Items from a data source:
○ ○ ○
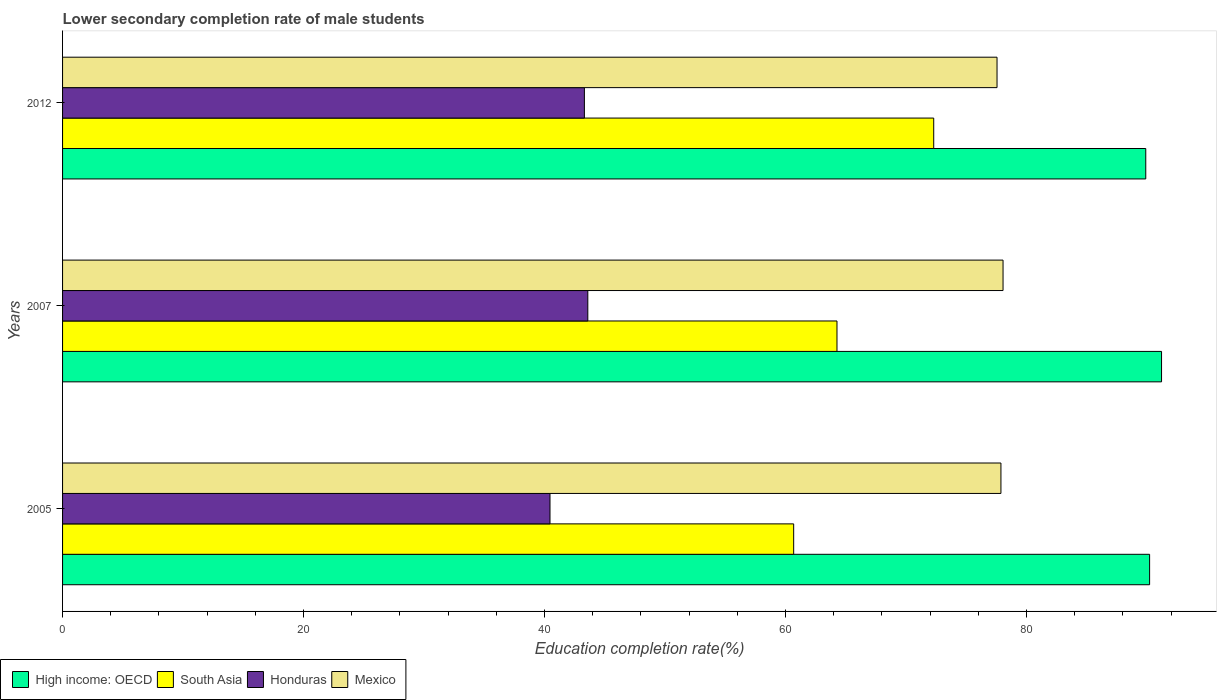How many different coloured bars are there?
Provide a succinct answer. 4. How many groups of bars are there?
Your response must be concise. 3. Are the number of bars per tick equal to the number of legend labels?
Make the answer very short. Yes. Are the number of bars on each tick of the Y-axis equal?
Give a very brief answer. Yes. How many bars are there on the 2nd tick from the bottom?
Provide a succinct answer. 4. What is the label of the 1st group of bars from the top?
Ensure brevity in your answer.  2012. What is the lower secondary completion rate of male students in South Asia in 2012?
Keep it short and to the point. 72.3. Across all years, what is the maximum lower secondary completion rate of male students in High income: OECD?
Keep it short and to the point. 91.2. Across all years, what is the minimum lower secondary completion rate of male students in Honduras?
Provide a succinct answer. 40.45. In which year was the lower secondary completion rate of male students in Mexico minimum?
Ensure brevity in your answer.  2012. What is the total lower secondary completion rate of male students in South Asia in the graph?
Your answer should be very brief. 197.23. What is the difference between the lower secondary completion rate of male students in High income: OECD in 2005 and that in 2012?
Your answer should be compact. 0.32. What is the difference between the lower secondary completion rate of male students in Mexico in 2005 and the lower secondary completion rate of male students in High income: OECD in 2007?
Give a very brief answer. -13.33. What is the average lower secondary completion rate of male students in South Asia per year?
Offer a very short reply. 65.74. In the year 2012, what is the difference between the lower secondary completion rate of male students in Honduras and lower secondary completion rate of male students in Mexico?
Provide a short and direct response. -34.24. What is the ratio of the lower secondary completion rate of male students in High income: OECD in 2005 to that in 2007?
Provide a succinct answer. 0.99. Is the lower secondary completion rate of male students in Mexico in 2005 less than that in 2012?
Your response must be concise. No. What is the difference between the highest and the second highest lower secondary completion rate of male students in South Asia?
Make the answer very short. 8.03. What is the difference between the highest and the lowest lower secondary completion rate of male students in South Asia?
Ensure brevity in your answer.  11.62. In how many years, is the lower secondary completion rate of male students in High income: OECD greater than the average lower secondary completion rate of male students in High income: OECD taken over all years?
Your answer should be very brief. 1. Is the sum of the lower secondary completion rate of male students in Honduras in 2005 and 2007 greater than the maximum lower secondary completion rate of male students in South Asia across all years?
Provide a succinct answer. Yes. Is it the case that in every year, the sum of the lower secondary completion rate of male students in Honduras and lower secondary completion rate of male students in High income: OECD is greater than the sum of lower secondary completion rate of male students in Mexico and lower secondary completion rate of male students in South Asia?
Ensure brevity in your answer.  No. What does the 3rd bar from the top in 2005 represents?
Your answer should be compact. South Asia. What does the 1st bar from the bottom in 2007 represents?
Ensure brevity in your answer.  High income: OECD. Is it the case that in every year, the sum of the lower secondary completion rate of male students in High income: OECD and lower secondary completion rate of male students in South Asia is greater than the lower secondary completion rate of male students in Honduras?
Give a very brief answer. Yes. How many bars are there?
Offer a very short reply. 12. Does the graph contain any zero values?
Provide a short and direct response. No. How many legend labels are there?
Make the answer very short. 4. What is the title of the graph?
Ensure brevity in your answer.  Lower secondary completion rate of male students. Does "Kosovo" appear as one of the legend labels in the graph?
Your response must be concise. No. What is the label or title of the X-axis?
Make the answer very short. Education completion rate(%). What is the Education completion rate(%) of High income: OECD in 2005?
Your answer should be compact. 90.21. What is the Education completion rate(%) of South Asia in 2005?
Your answer should be very brief. 60.67. What is the Education completion rate(%) in Honduras in 2005?
Your answer should be very brief. 40.45. What is the Education completion rate(%) in Mexico in 2005?
Offer a very short reply. 77.87. What is the Education completion rate(%) in High income: OECD in 2007?
Provide a succinct answer. 91.2. What is the Education completion rate(%) of South Asia in 2007?
Your response must be concise. 64.27. What is the Education completion rate(%) in Honduras in 2007?
Offer a terse response. 43.59. What is the Education completion rate(%) of Mexico in 2007?
Your answer should be very brief. 78.05. What is the Education completion rate(%) in High income: OECD in 2012?
Your answer should be compact. 89.89. What is the Education completion rate(%) of South Asia in 2012?
Ensure brevity in your answer.  72.3. What is the Education completion rate(%) in Honduras in 2012?
Your answer should be compact. 43.3. What is the Education completion rate(%) of Mexico in 2012?
Offer a very short reply. 77.55. Across all years, what is the maximum Education completion rate(%) in High income: OECD?
Offer a terse response. 91.2. Across all years, what is the maximum Education completion rate(%) in South Asia?
Offer a very short reply. 72.3. Across all years, what is the maximum Education completion rate(%) in Honduras?
Your response must be concise. 43.59. Across all years, what is the maximum Education completion rate(%) of Mexico?
Your answer should be compact. 78.05. Across all years, what is the minimum Education completion rate(%) in High income: OECD?
Offer a very short reply. 89.89. Across all years, what is the minimum Education completion rate(%) of South Asia?
Your response must be concise. 60.67. Across all years, what is the minimum Education completion rate(%) of Honduras?
Give a very brief answer. 40.45. Across all years, what is the minimum Education completion rate(%) of Mexico?
Ensure brevity in your answer.  77.55. What is the total Education completion rate(%) in High income: OECD in the graph?
Your response must be concise. 271.3. What is the total Education completion rate(%) in South Asia in the graph?
Provide a succinct answer. 197.23. What is the total Education completion rate(%) of Honduras in the graph?
Provide a succinct answer. 127.34. What is the total Education completion rate(%) of Mexico in the graph?
Keep it short and to the point. 233.47. What is the difference between the Education completion rate(%) of High income: OECD in 2005 and that in 2007?
Keep it short and to the point. -0.99. What is the difference between the Education completion rate(%) in South Asia in 2005 and that in 2007?
Provide a succinct answer. -3.6. What is the difference between the Education completion rate(%) of Honduras in 2005 and that in 2007?
Your answer should be compact. -3.14. What is the difference between the Education completion rate(%) in Mexico in 2005 and that in 2007?
Your answer should be compact. -0.17. What is the difference between the Education completion rate(%) in High income: OECD in 2005 and that in 2012?
Ensure brevity in your answer.  0.32. What is the difference between the Education completion rate(%) in South Asia in 2005 and that in 2012?
Offer a terse response. -11.62. What is the difference between the Education completion rate(%) of Honduras in 2005 and that in 2012?
Make the answer very short. -2.85. What is the difference between the Education completion rate(%) of Mexico in 2005 and that in 2012?
Your response must be concise. 0.32. What is the difference between the Education completion rate(%) of High income: OECD in 2007 and that in 2012?
Your answer should be very brief. 1.31. What is the difference between the Education completion rate(%) in South Asia in 2007 and that in 2012?
Your answer should be very brief. -8.03. What is the difference between the Education completion rate(%) of Honduras in 2007 and that in 2012?
Offer a terse response. 0.28. What is the difference between the Education completion rate(%) in Mexico in 2007 and that in 2012?
Ensure brevity in your answer.  0.5. What is the difference between the Education completion rate(%) in High income: OECD in 2005 and the Education completion rate(%) in South Asia in 2007?
Ensure brevity in your answer.  25.94. What is the difference between the Education completion rate(%) of High income: OECD in 2005 and the Education completion rate(%) of Honduras in 2007?
Keep it short and to the point. 46.62. What is the difference between the Education completion rate(%) of High income: OECD in 2005 and the Education completion rate(%) of Mexico in 2007?
Provide a short and direct response. 12.16. What is the difference between the Education completion rate(%) in South Asia in 2005 and the Education completion rate(%) in Honduras in 2007?
Your answer should be very brief. 17.08. What is the difference between the Education completion rate(%) of South Asia in 2005 and the Education completion rate(%) of Mexico in 2007?
Keep it short and to the point. -17.38. What is the difference between the Education completion rate(%) in Honduras in 2005 and the Education completion rate(%) in Mexico in 2007?
Your response must be concise. -37.6. What is the difference between the Education completion rate(%) of High income: OECD in 2005 and the Education completion rate(%) of South Asia in 2012?
Provide a short and direct response. 17.92. What is the difference between the Education completion rate(%) in High income: OECD in 2005 and the Education completion rate(%) in Honduras in 2012?
Ensure brevity in your answer.  46.91. What is the difference between the Education completion rate(%) in High income: OECD in 2005 and the Education completion rate(%) in Mexico in 2012?
Make the answer very short. 12.66. What is the difference between the Education completion rate(%) in South Asia in 2005 and the Education completion rate(%) in Honduras in 2012?
Offer a terse response. 17.37. What is the difference between the Education completion rate(%) in South Asia in 2005 and the Education completion rate(%) in Mexico in 2012?
Provide a short and direct response. -16.88. What is the difference between the Education completion rate(%) in Honduras in 2005 and the Education completion rate(%) in Mexico in 2012?
Make the answer very short. -37.1. What is the difference between the Education completion rate(%) of High income: OECD in 2007 and the Education completion rate(%) of South Asia in 2012?
Keep it short and to the point. 18.91. What is the difference between the Education completion rate(%) of High income: OECD in 2007 and the Education completion rate(%) of Honduras in 2012?
Keep it short and to the point. 47.9. What is the difference between the Education completion rate(%) in High income: OECD in 2007 and the Education completion rate(%) in Mexico in 2012?
Keep it short and to the point. 13.65. What is the difference between the Education completion rate(%) in South Asia in 2007 and the Education completion rate(%) in Honduras in 2012?
Ensure brevity in your answer.  20.96. What is the difference between the Education completion rate(%) of South Asia in 2007 and the Education completion rate(%) of Mexico in 2012?
Provide a short and direct response. -13.28. What is the difference between the Education completion rate(%) of Honduras in 2007 and the Education completion rate(%) of Mexico in 2012?
Offer a terse response. -33.96. What is the average Education completion rate(%) of High income: OECD per year?
Offer a very short reply. 90.43. What is the average Education completion rate(%) in South Asia per year?
Your answer should be compact. 65.75. What is the average Education completion rate(%) in Honduras per year?
Your answer should be very brief. 42.45. What is the average Education completion rate(%) of Mexico per year?
Make the answer very short. 77.82. In the year 2005, what is the difference between the Education completion rate(%) in High income: OECD and Education completion rate(%) in South Asia?
Keep it short and to the point. 29.54. In the year 2005, what is the difference between the Education completion rate(%) in High income: OECD and Education completion rate(%) in Honduras?
Make the answer very short. 49.76. In the year 2005, what is the difference between the Education completion rate(%) of High income: OECD and Education completion rate(%) of Mexico?
Give a very brief answer. 12.34. In the year 2005, what is the difference between the Education completion rate(%) in South Asia and Education completion rate(%) in Honduras?
Provide a succinct answer. 20.22. In the year 2005, what is the difference between the Education completion rate(%) in South Asia and Education completion rate(%) in Mexico?
Your answer should be very brief. -17.2. In the year 2005, what is the difference between the Education completion rate(%) in Honduras and Education completion rate(%) in Mexico?
Make the answer very short. -37.42. In the year 2007, what is the difference between the Education completion rate(%) in High income: OECD and Education completion rate(%) in South Asia?
Your answer should be compact. 26.93. In the year 2007, what is the difference between the Education completion rate(%) of High income: OECD and Education completion rate(%) of Honduras?
Your answer should be very brief. 47.61. In the year 2007, what is the difference between the Education completion rate(%) in High income: OECD and Education completion rate(%) in Mexico?
Your response must be concise. 13.15. In the year 2007, what is the difference between the Education completion rate(%) in South Asia and Education completion rate(%) in Honduras?
Keep it short and to the point. 20.68. In the year 2007, what is the difference between the Education completion rate(%) in South Asia and Education completion rate(%) in Mexico?
Provide a short and direct response. -13.78. In the year 2007, what is the difference between the Education completion rate(%) in Honduras and Education completion rate(%) in Mexico?
Your answer should be very brief. -34.46. In the year 2012, what is the difference between the Education completion rate(%) of High income: OECD and Education completion rate(%) of South Asia?
Give a very brief answer. 17.6. In the year 2012, what is the difference between the Education completion rate(%) of High income: OECD and Education completion rate(%) of Honduras?
Your answer should be compact. 46.59. In the year 2012, what is the difference between the Education completion rate(%) in High income: OECD and Education completion rate(%) in Mexico?
Your answer should be compact. 12.34. In the year 2012, what is the difference between the Education completion rate(%) of South Asia and Education completion rate(%) of Honduras?
Your response must be concise. 28.99. In the year 2012, what is the difference between the Education completion rate(%) of South Asia and Education completion rate(%) of Mexico?
Your answer should be compact. -5.25. In the year 2012, what is the difference between the Education completion rate(%) of Honduras and Education completion rate(%) of Mexico?
Provide a short and direct response. -34.24. What is the ratio of the Education completion rate(%) in South Asia in 2005 to that in 2007?
Provide a short and direct response. 0.94. What is the ratio of the Education completion rate(%) in Honduras in 2005 to that in 2007?
Offer a very short reply. 0.93. What is the ratio of the Education completion rate(%) in High income: OECD in 2005 to that in 2012?
Ensure brevity in your answer.  1. What is the ratio of the Education completion rate(%) in South Asia in 2005 to that in 2012?
Provide a succinct answer. 0.84. What is the ratio of the Education completion rate(%) of Honduras in 2005 to that in 2012?
Make the answer very short. 0.93. What is the ratio of the Education completion rate(%) in High income: OECD in 2007 to that in 2012?
Ensure brevity in your answer.  1.01. What is the ratio of the Education completion rate(%) of South Asia in 2007 to that in 2012?
Provide a succinct answer. 0.89. What is the ratio of the Education completion rate(%) in Mexico in 2007 to that in 2012?
Offer a terse response. 1.01. What is the difference between the highest and the second highest Education completion rate(%) of High income: OECD?
Provide a short and direct response. 0.99. What is the difference between the highest and the second highest Education completion rate(%) in South Asia?
Your response must be concise. 8.03. What is the difference between the highest and the second highest Education completion rate(%) of Honduras?
Your answer should be compact. 0.28. What is the difference between the highest and the second highest Education completion rate(%) of Mexico?
Give a very brief answer. 0.17. What is the difference between the highest and the lowest Education completion rate(%) of High income: OECD?
Offer a very short reply. 1.31. What is the difference between the highest and the lowest Education completion rate(%) of South Asia?
Keep it short and to the point. 11.62. What is the difference between the highest and the lowest Education completion rate(%) of Honduras?
Keep it short and to the point. 3.14. What is the difference between the highest and the lowest Education completion rate(%) of Mexico?
Make the answer very short. 0.5.
○ ○ ○
As the answer, set down only the lines from the data above between the one holding "Your response must be concise. 3." and the one holding "Make the answer very short. Yes.", inclusive, exactly as they read.

Result of this task:
Your response must be concise. 3. Are the number of bars per tick equal to the number of legend labels?
Make the answer very short. Yes. Are the number of bars on each tick of the Y-axis equal?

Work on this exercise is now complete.